| 1/13/2016 12:00:00 AM

La realidad económica de 2016

El año apenas comienza y los pronósticos del mundo ya han bajado. La economía en tiempo real dice que si nos va bien 2016 será igual a 2015, es decir igual al peor de los últimos 6 años. Crece la disparidad del desempeño económico y eso significa alguna oportunidad.

El Fondo Monetario Internacional (FMI) está por develar su bitácora para 2016 con los eventos con que terminó el 2015. La economía mundial está en presencia de un estancado comercio mundial, estamos ante uno de los años con mayor temperatura de la historia moderna, hay casi 60 millones de personas desplazadas, sigue la incertidumbre entre las tasas de interés en Estados Unidos y la desaceleración de China, y aún no se  puede asegurar que la estabilidad financiera está garantizada por lo que 2016 será otra vez decepcionante y desigual reconoce su directora Christine Lagarde.

El banco de Inversión JPMorgan comenzando el 2016 ha rebajado las proyecciones económicas de Ecuador y Venezuela y en forma más relevante ha hecho igual con el crecimiento esperado en Estados Unidos, Corea, la zona euro, dejando como resultado un crecimiento este año en el mejor de los casos igual al de 2015, que fue el más bajo desde 2009. Similarmente, por segundo año consecutivo el PIB de América Latina se contrae dada la peor crisis en Brasil en los últimos 25 años.

El académico Ashoka Mody reclama que casi en forma banal el FMI va camino a señalar por séptima vez una recuperación fallida del crecimiento entre un año y otro, por lo que tilda de banal las predicciones del organismo.

Lo que pocos discuten hoy es que aun cuando el mundo está inmerso en una revolución tecnológica, la productividad no crece y ese problema no lo puede resolver en forma sostenible la política monetaria con bajas tasas de interés.

Tanto la corrupción como la desigualdad que pudieron ser menos visibles en la bonanza de productos básicos ganan visibilidad en un entorno mundial de bajo crecimiento y caída en los precios de las materias primas.

Lo central es que las razones que han conllevado a un bajo crecimiento mundial en 2015 persistirán en 2016 y han comenzado el año señalando que se pueden intensificar.

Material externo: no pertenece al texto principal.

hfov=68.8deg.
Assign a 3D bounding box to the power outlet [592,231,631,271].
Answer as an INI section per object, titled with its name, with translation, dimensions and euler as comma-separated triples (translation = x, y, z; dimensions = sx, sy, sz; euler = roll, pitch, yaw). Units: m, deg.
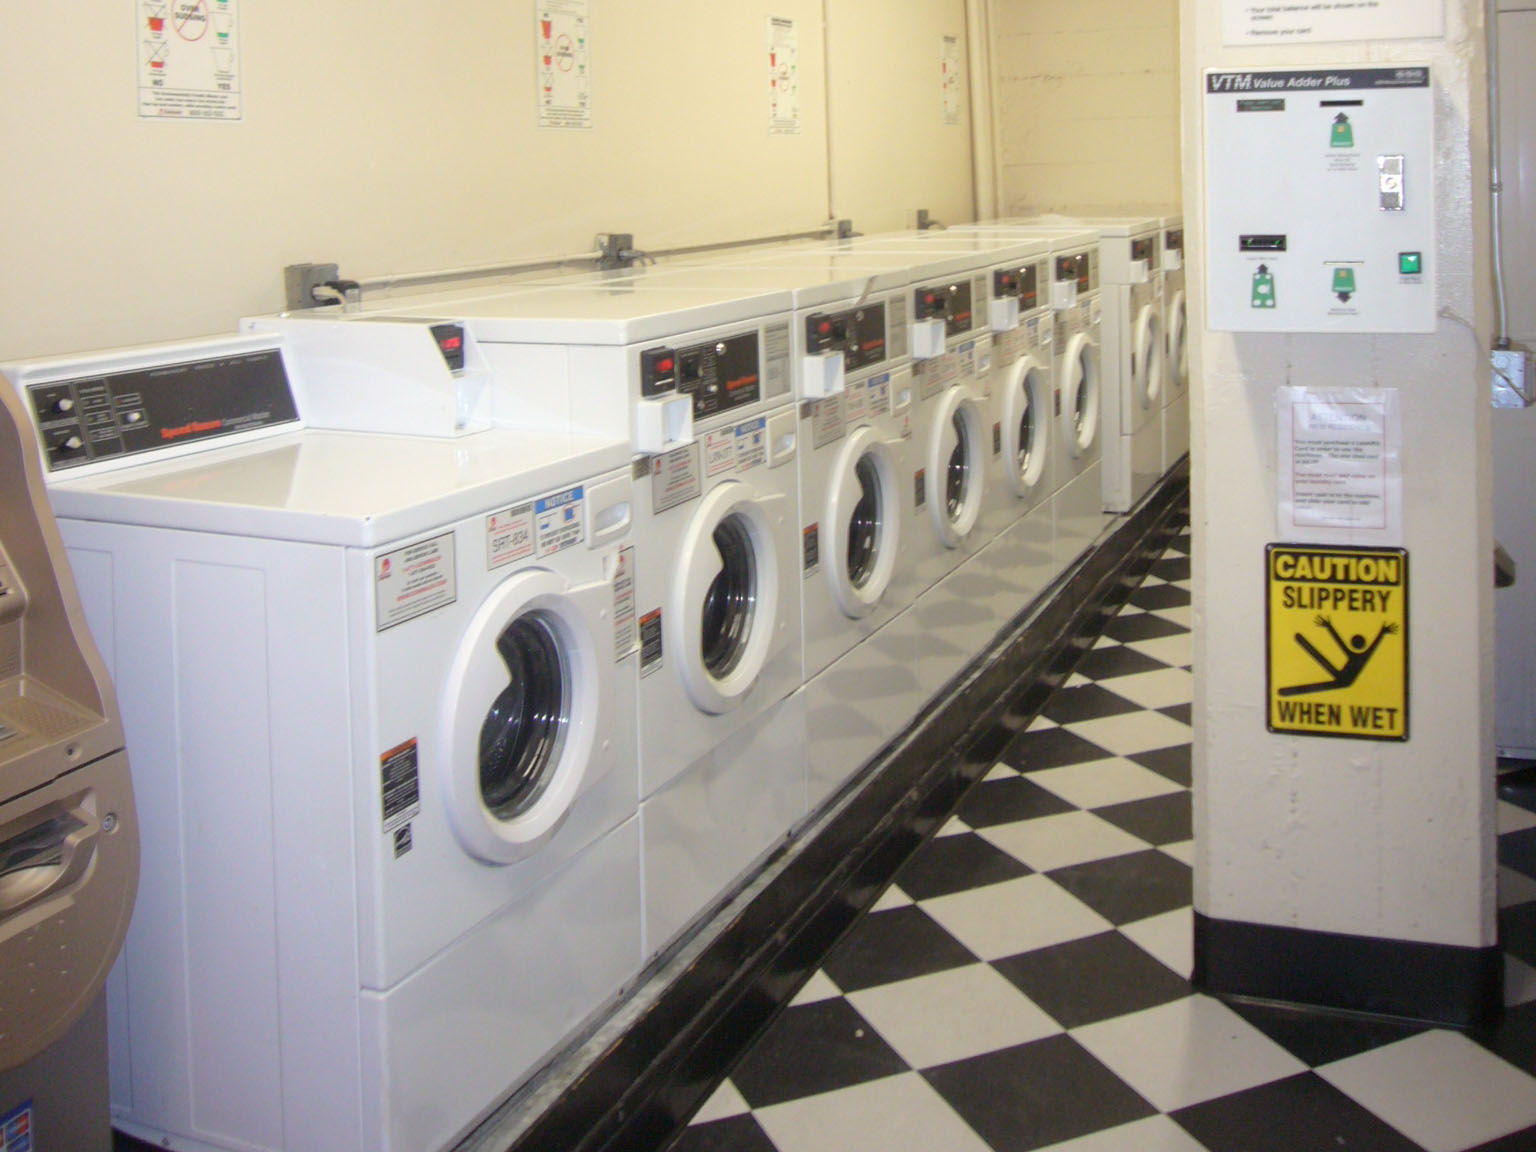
[power outlet]
translation = -0.540, -1.156, 3.963
dimensions = 0.139, 0.122, 0.222
euler = -5, 16, -8
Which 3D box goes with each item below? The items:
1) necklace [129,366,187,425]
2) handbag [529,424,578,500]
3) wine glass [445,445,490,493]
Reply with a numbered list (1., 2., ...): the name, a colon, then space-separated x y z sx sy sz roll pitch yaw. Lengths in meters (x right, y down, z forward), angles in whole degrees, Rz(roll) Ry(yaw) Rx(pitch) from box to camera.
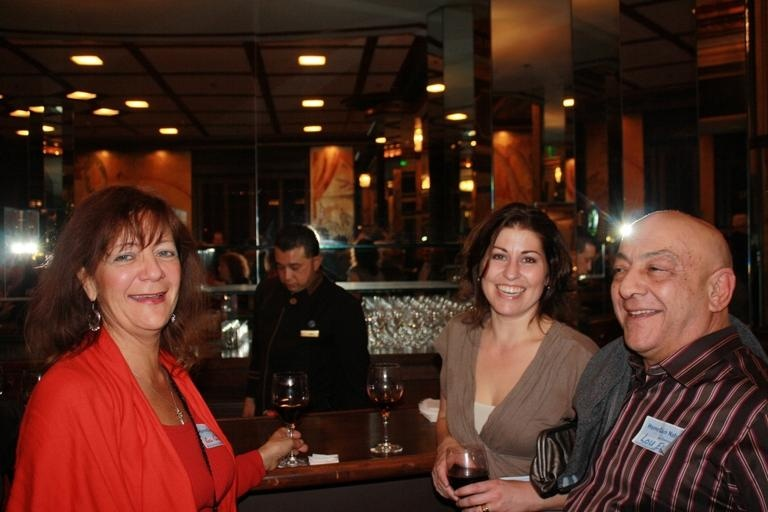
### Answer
1. necklace: -1.033 0.653 3.244 0.071 0.296 0.176 -49 -21 24
2. handbag: 0.773 0.929 3.244 0.220 0.294 0.089 -4 -19 39
3. wine glass: 0.366 0.935 3.185 0.194 0.181 0.192 -1 -6 -7
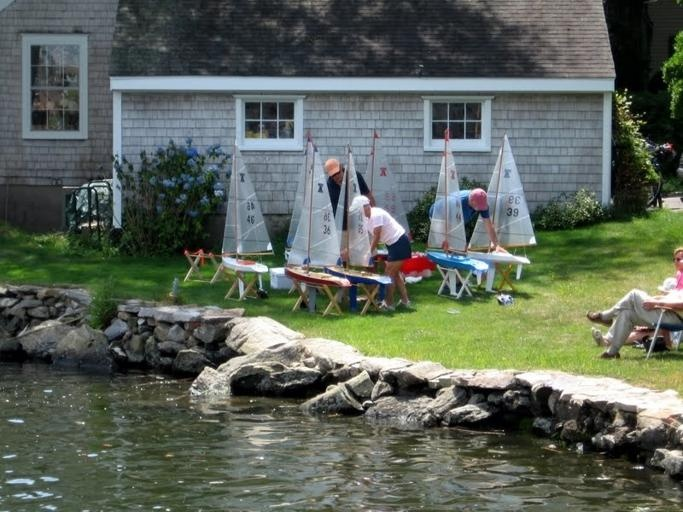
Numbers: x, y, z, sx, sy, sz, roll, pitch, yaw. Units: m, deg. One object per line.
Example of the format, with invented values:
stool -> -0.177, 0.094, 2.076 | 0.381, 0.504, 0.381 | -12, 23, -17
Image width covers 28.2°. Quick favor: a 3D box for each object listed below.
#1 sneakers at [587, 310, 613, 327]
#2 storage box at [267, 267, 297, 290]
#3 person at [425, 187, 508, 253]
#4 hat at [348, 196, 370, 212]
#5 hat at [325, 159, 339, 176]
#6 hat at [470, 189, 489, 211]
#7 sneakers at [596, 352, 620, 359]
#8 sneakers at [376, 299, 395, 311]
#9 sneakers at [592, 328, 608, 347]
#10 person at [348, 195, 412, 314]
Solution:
sneakers -> 4.693, 1.170, 24.986 | 0.512, 0.234, 0.212 | 20, 6, 7
storage box -> -1.350, 0.514, 29.621 | 0.468, 0.378, 0.489 | 0, 3, -9
person -> 2.693, -0.839, 29.306 | 0.970, 0.867, 1.768 | -24, 29, -34
hat -> 0.335, -1.045, 27.916 | 0.395, 0.322, 0.368 | 0, 1, 1
hat -> -0.200, -1.892, 28.589 | 0.245, 0.192, 0.371 | -22, 36, 20
hat -> 2.922, -1.170, 29.139 | 0.380, 0.461, 0.417 | 0, 1, 2
sneakers -> 4.845, 1.809, 24.624 | 0.349, 0.165, 0.134 | 1, -2, 15
sneakers -> 0.890, 1.050, 28.035 | 0.395, 0.184, 0.151 | 5, 4, 42
sneakers -> 4.800, 1.528, 25.284 | 0.167, 0.402, 0.166 | -18, -9, -33
person -> 0.908, -0.050, 28.210 | 1.102, 2.353, 1.292 | 0, 1, 19
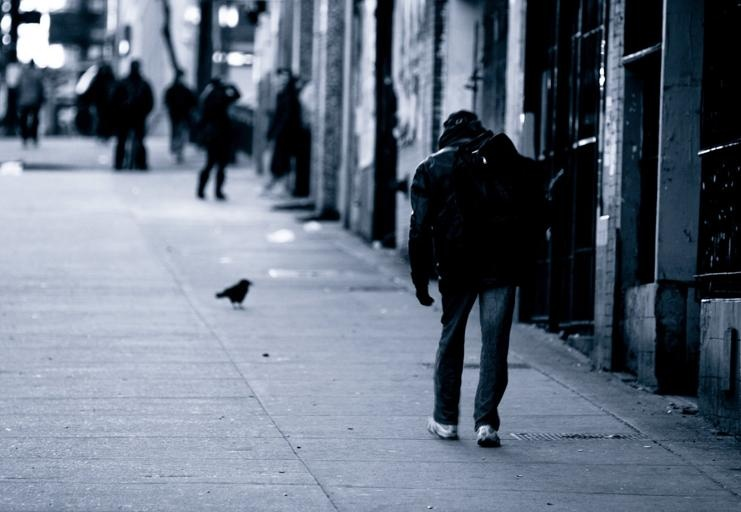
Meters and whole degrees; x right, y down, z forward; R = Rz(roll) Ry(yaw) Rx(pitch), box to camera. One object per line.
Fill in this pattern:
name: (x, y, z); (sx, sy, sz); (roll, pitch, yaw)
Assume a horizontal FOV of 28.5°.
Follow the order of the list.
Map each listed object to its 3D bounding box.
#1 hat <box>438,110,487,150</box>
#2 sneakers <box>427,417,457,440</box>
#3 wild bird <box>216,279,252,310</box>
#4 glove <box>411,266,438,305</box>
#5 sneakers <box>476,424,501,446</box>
hat: (0.771, -1.062, 11.906); (0.359, 0.295, 0.256); (5, 25, 14)
sneakers: (0.575, 1.425, 11.867); (0.105, 0.115, 0.285); (-6, 16, -31)
wild bird: (-1.550, 0.446, 16.222); (0.511, 0.352, 0.229); (0, -8, 12)
glove: (0.439, 0.254, 11.752); (0.225, 0.292, 0.083); (-20, -2, 39)
sneakers: (0.940, 1.458, 11.602); (0.201, 0.174, 0.137); (3, 12, 5)
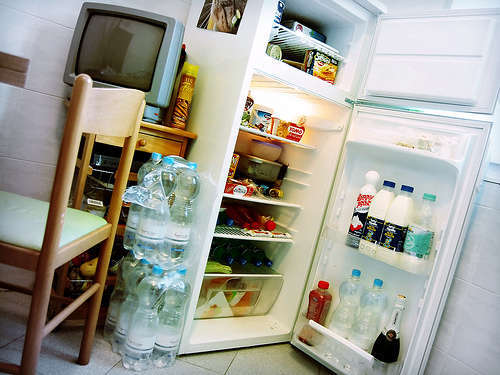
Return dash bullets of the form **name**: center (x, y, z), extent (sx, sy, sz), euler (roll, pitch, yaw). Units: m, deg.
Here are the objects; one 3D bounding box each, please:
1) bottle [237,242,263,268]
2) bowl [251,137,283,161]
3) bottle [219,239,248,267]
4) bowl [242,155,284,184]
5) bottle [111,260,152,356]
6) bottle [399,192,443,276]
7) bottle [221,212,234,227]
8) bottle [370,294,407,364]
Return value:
- **bottle**: center (-0.007, 0.406, 2.062), extent (0.075, 0.080, 0.266), euler (13, -4, -2)
- **bowl**: center (0.105, -0.223, 2.083), extent (0.145, 0.076, 0.135), euler (12, 4, -1)
- **bottle**: center (-0.104, 0.381, 2.003), extent (0.068, 0.068, 0.205), euler (42, 7, -19)
- **bowl**: center (0.023, -0.123, 2.162), extent (0.299, 0.135, 0.231), euler (13, 6, -23)
- **bottle**: center (-0.517, 0.551, 1.655), extent (0.157, 0.524, 0.157), euler (14, 14, -3)
- **bottle**: center (0.781, 0.207, 1.565), extent (0.123, 0.383, 0.114), euler (15, 7, -2)
- **bottle**: center (-0.133, 0.190, 2.020), extent (0.041, 0.041, 0.073), euler (12, 2, -27)
- **bottle**: center (0.661, 0.654, 1.589), extent (0.123, 0.323, 0.073), euler (18, 8, 19)
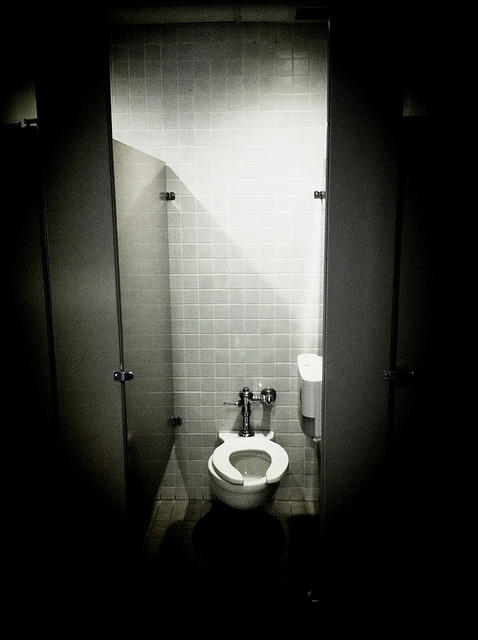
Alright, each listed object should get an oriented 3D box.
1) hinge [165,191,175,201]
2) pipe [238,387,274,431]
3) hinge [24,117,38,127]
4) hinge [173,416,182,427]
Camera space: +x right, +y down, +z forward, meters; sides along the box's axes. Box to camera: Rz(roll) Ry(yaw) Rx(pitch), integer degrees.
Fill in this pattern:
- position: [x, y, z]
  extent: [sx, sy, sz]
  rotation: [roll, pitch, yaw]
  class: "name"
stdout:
- position: [-0.269, -0.482, 2.316]
  extent: [0.028, 0.028, 0.011]
  rotation: [-4, 3, -21]
  class: "hinge"
- position: [0.066, 0.371, 2.482]
  extent: [0.127, 0.205, 0.092]
  rotation: [-4, 23, -10]
  class: "pipe"
- position: [-0.450, -0.424, 1.283]
  extent: [0.029, 0.022, 0.025]
  rotation: [0, 2, -18]
  class: "hinge"
- position: [-0.256, 0.423, 2.483]
  extent: [0.031, 0.040, 0.008]
  rotation: [-2, 4, -28]
  class: "hinge"
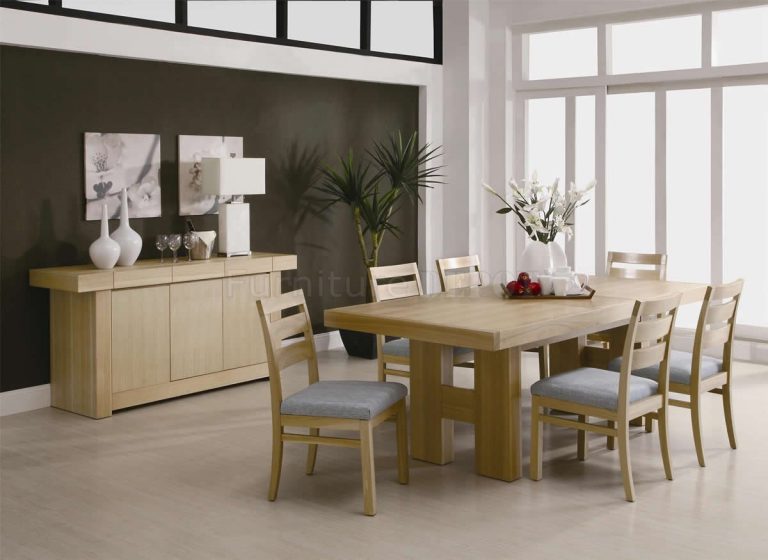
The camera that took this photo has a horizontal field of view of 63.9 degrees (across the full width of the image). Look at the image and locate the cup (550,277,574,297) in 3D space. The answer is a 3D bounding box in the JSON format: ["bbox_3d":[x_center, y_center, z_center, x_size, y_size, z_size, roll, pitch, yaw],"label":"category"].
[{"bbox_3d":[1.209,0.042,4.120,0.146,0.102,0.095,2,-2,-17],"label":"cup"}]

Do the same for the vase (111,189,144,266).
[{"bbox_3d":[-2.045,-0.418,4.842,0.346,0.604,0.341,-4,19,-32],"label":"vase"}]

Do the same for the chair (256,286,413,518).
[{"bbox_3d":[-0.248,0.629,3.401,0.704,1.105,0.519,2,9,18],"label":"chair"}]

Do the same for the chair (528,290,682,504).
[{"bbox_3d":[1.321,0.629,3.603,0.683,1.054,0.624,2,4,43],"label":"chair"}]

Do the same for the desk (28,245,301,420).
[{"bbox_3d":[-1.503,0.488,5.219,1.942,1.086,0.528,-8,-16,7],"label":"desk"}]

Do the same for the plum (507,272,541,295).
[{"bbox_3d":[0.983,0.024,4.204,0.141,0.107,0.187,-4,0,34],"label":"plum"}]

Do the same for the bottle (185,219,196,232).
[{"bbox_3d":[-1.740,-0.504,5.573,0.027,0.104,0.096,5,10,33],"label":"bottle"}]

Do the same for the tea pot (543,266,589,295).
[{"bbox_3d":[1.246,-0.012,4.196,0.273,0.116,0.196,-5,7,-43],"label":"tea pot"}]

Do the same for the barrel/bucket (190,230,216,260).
[{"bbox_3d":[-1.522,-0.295,5.251,0.226,0.219,0.208,1,-5,0],"label":"barrel/bucket"}]

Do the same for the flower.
[{"bbox_3d":[1.153,-0.485,4.516,0.551,0.441,0.723,-7,10,-22],"label":"flower"}]

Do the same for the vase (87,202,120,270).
[{"bbox_3d":[-2.154,-0.339,4.779,0.211,0.480,0.342,-3,8,-13],"label":"vase"}]

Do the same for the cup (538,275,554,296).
[{"bbox_3d":[1.102,0.047,4.164,0.116,0.125,0.120,0,2,0],"label":"cup"}]

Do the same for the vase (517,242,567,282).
[{"bbox_3d":[1.162,-0.131,4.433,0.288,0.268,0.288,-1,1,-20],"label":"vase"}]
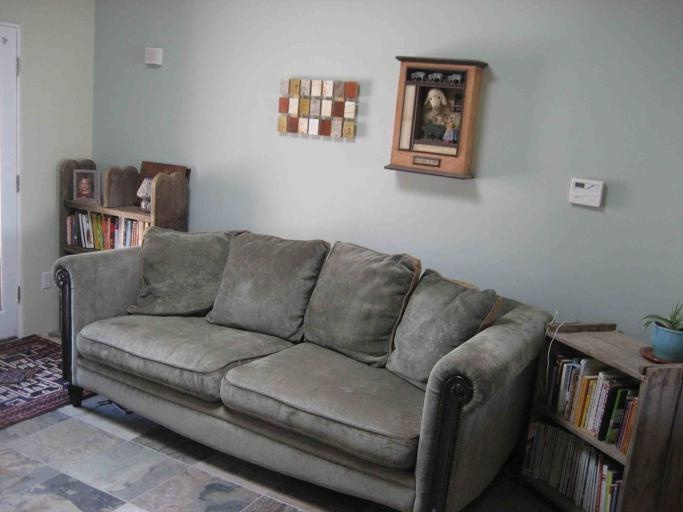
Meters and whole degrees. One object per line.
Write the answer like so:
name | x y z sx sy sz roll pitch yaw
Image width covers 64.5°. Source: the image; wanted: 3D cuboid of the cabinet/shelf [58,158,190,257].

Lagarde ha señalado en un texto del World Economic Forum que si bien el FMI considera que la mayoría de economías en el mundo están mejor preparadas que en el pasado para soportar mayores tasas de interés globales, no es claro que ante la persistencia de los choques globales, la creciente debilidad de los países emergentes no termine por desatar un problema económico más complejo.

El asunto es importante porque en los últimos 5 años las economías emergentes aportaron el 80% del crecimiento mundial. A esto hay que sumarle que el sector chino de las manufacturas está en recesión y sumido en una creciente crisis en Estados Unidos.

Sin embargo, las realidades son dispares. Por más que Asia pierde fuerza su crecimiento es el que mejor brilla. Apostar al Pacifico sigue siendo lo más estratégico.